==== Data ====

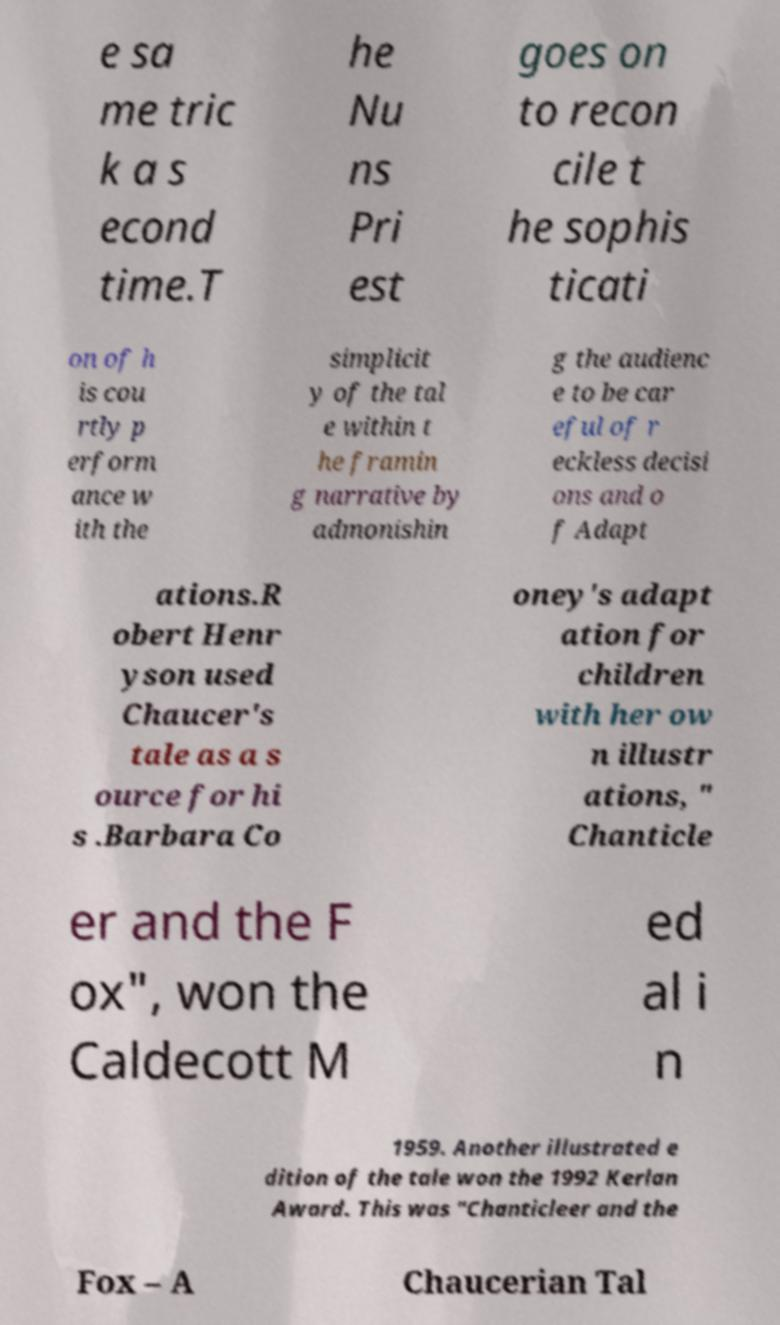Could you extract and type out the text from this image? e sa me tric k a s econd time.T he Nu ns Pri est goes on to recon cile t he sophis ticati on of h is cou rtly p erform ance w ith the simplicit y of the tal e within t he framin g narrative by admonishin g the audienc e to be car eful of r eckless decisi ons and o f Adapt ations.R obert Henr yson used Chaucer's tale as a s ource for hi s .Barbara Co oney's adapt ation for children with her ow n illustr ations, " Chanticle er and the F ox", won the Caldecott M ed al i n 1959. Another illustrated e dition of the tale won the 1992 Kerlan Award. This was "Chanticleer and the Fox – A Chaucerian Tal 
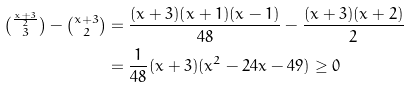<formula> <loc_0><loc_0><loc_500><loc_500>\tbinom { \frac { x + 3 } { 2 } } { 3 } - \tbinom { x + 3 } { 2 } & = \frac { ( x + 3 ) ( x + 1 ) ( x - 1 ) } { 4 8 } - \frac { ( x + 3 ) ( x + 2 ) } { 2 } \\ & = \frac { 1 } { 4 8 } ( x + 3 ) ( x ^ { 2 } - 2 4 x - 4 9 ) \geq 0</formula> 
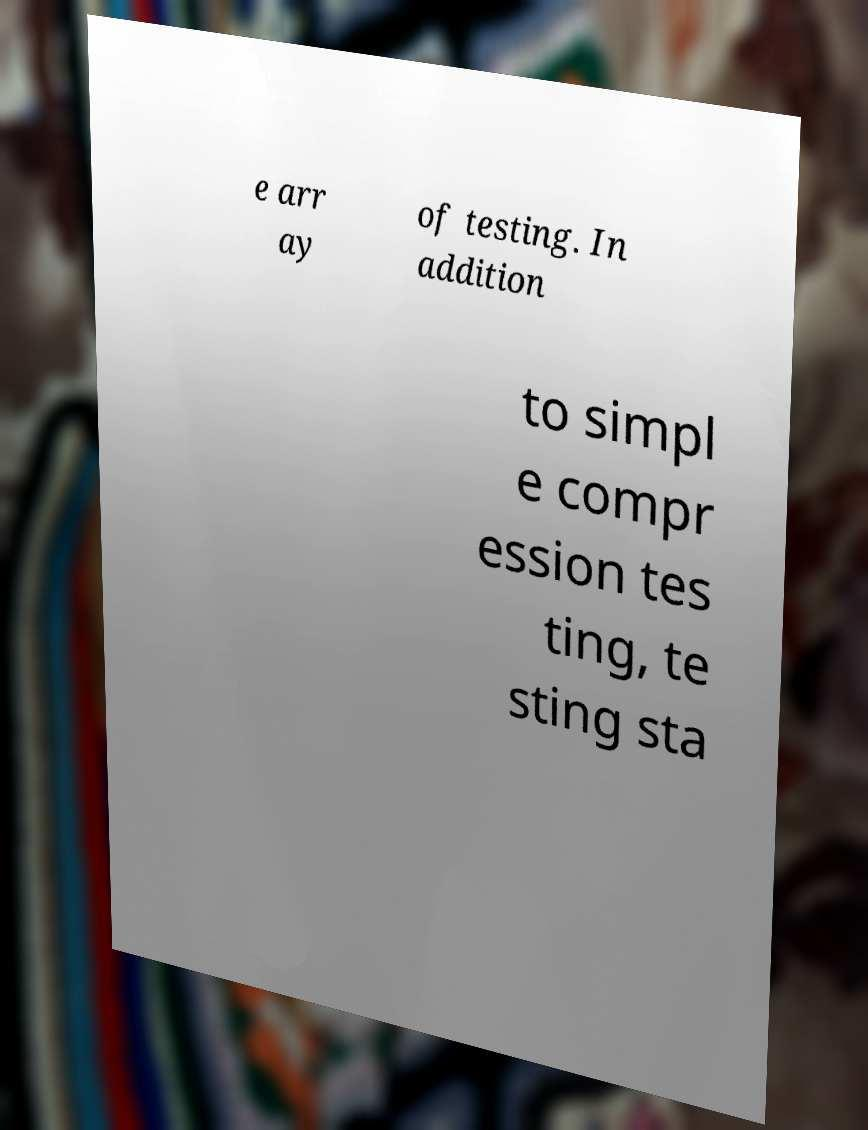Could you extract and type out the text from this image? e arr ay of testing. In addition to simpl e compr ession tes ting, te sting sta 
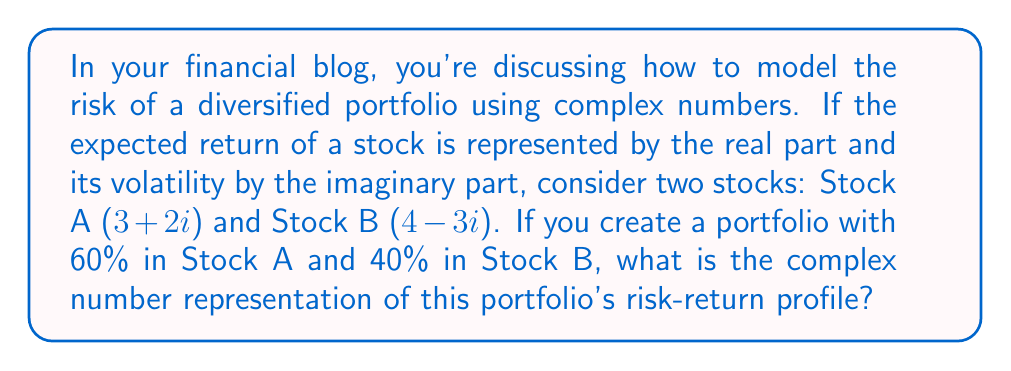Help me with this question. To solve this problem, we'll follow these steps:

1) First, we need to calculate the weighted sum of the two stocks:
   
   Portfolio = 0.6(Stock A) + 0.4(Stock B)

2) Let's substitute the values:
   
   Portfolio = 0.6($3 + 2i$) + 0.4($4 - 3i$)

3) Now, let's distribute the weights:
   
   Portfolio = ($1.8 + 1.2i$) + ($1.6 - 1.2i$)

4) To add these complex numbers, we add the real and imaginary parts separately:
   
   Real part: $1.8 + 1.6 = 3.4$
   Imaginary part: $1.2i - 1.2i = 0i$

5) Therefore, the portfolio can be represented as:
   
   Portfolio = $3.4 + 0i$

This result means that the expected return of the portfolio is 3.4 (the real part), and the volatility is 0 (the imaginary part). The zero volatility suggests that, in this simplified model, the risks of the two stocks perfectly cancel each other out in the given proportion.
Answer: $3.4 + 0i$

====
==== Data ====

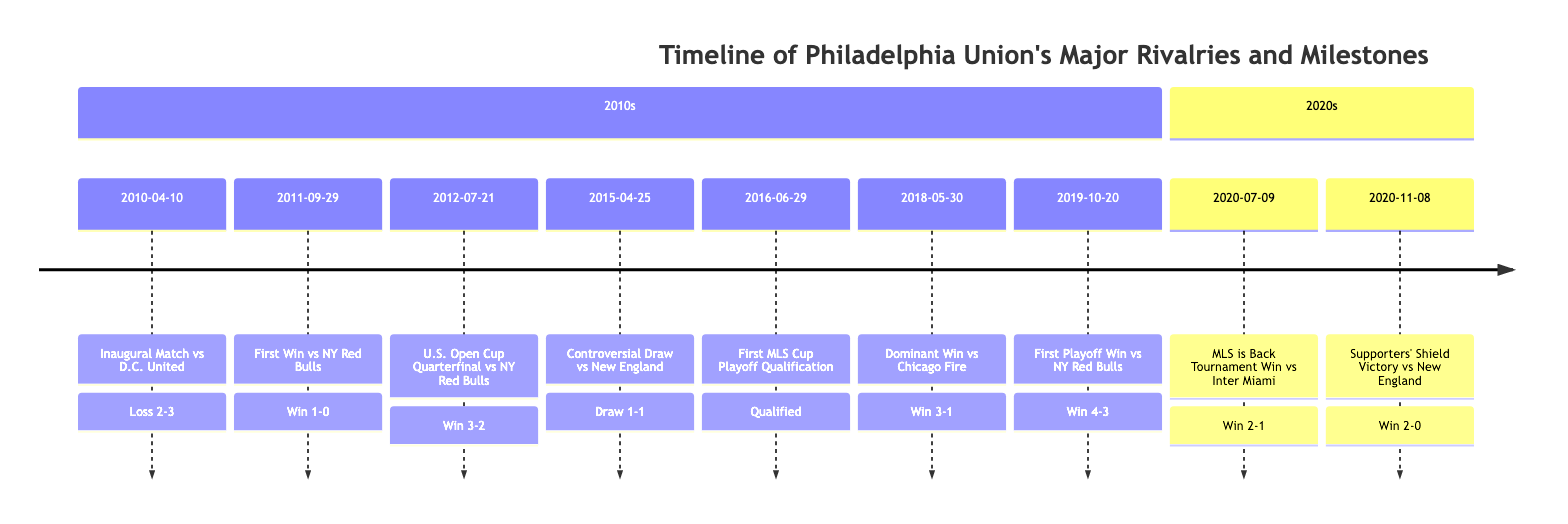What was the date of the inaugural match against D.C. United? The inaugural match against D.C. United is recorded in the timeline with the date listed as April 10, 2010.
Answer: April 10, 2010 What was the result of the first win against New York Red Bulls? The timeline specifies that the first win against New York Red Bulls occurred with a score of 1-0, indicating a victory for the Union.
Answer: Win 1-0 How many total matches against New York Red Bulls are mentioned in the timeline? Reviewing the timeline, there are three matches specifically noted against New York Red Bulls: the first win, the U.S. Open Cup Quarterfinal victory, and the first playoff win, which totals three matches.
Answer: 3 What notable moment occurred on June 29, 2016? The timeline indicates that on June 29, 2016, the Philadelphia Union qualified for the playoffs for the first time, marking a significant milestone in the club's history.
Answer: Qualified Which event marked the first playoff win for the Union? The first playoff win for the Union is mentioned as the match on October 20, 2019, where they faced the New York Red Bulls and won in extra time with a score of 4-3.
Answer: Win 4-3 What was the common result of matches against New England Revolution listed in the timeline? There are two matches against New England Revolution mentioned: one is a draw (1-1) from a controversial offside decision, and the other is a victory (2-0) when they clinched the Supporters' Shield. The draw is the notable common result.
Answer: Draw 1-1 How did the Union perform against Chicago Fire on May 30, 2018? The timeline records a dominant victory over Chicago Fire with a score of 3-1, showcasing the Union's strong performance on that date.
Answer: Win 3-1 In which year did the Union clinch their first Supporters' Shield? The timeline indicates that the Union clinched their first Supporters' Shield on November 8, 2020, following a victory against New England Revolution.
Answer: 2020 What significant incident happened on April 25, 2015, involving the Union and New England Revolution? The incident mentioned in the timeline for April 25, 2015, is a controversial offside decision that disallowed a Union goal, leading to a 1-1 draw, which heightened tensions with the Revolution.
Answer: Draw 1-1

====
==== Data ====

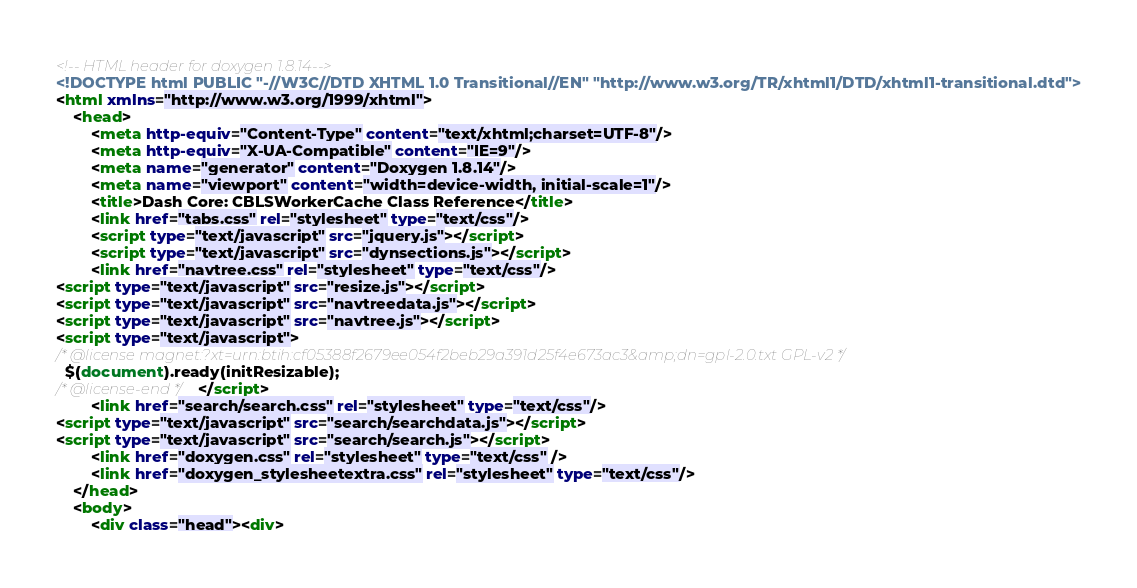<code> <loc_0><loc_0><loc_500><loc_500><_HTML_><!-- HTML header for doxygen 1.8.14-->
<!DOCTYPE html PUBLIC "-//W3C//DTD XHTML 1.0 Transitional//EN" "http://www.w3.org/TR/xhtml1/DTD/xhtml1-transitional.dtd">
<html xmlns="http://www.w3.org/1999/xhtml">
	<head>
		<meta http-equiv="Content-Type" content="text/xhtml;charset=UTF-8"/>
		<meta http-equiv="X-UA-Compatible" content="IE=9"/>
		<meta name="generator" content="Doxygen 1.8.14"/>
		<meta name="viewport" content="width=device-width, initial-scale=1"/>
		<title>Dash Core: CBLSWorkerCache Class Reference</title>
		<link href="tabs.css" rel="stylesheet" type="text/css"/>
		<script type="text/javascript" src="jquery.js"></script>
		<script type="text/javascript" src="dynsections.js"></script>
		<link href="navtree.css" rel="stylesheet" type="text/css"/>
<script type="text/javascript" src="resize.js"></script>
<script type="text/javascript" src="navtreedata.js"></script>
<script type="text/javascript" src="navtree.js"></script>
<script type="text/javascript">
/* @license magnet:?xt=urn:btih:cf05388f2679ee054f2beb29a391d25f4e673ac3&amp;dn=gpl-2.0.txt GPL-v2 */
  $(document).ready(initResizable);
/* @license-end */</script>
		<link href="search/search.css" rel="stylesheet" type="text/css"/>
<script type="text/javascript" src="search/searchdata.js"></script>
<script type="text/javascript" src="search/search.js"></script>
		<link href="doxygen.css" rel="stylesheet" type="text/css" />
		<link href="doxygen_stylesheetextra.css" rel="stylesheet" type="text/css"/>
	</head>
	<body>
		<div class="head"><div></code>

====

#### [Problem statement]
Work through the records line by line and tally those holding "clinched". Reply with the number alone.

#### [Exercise result]
2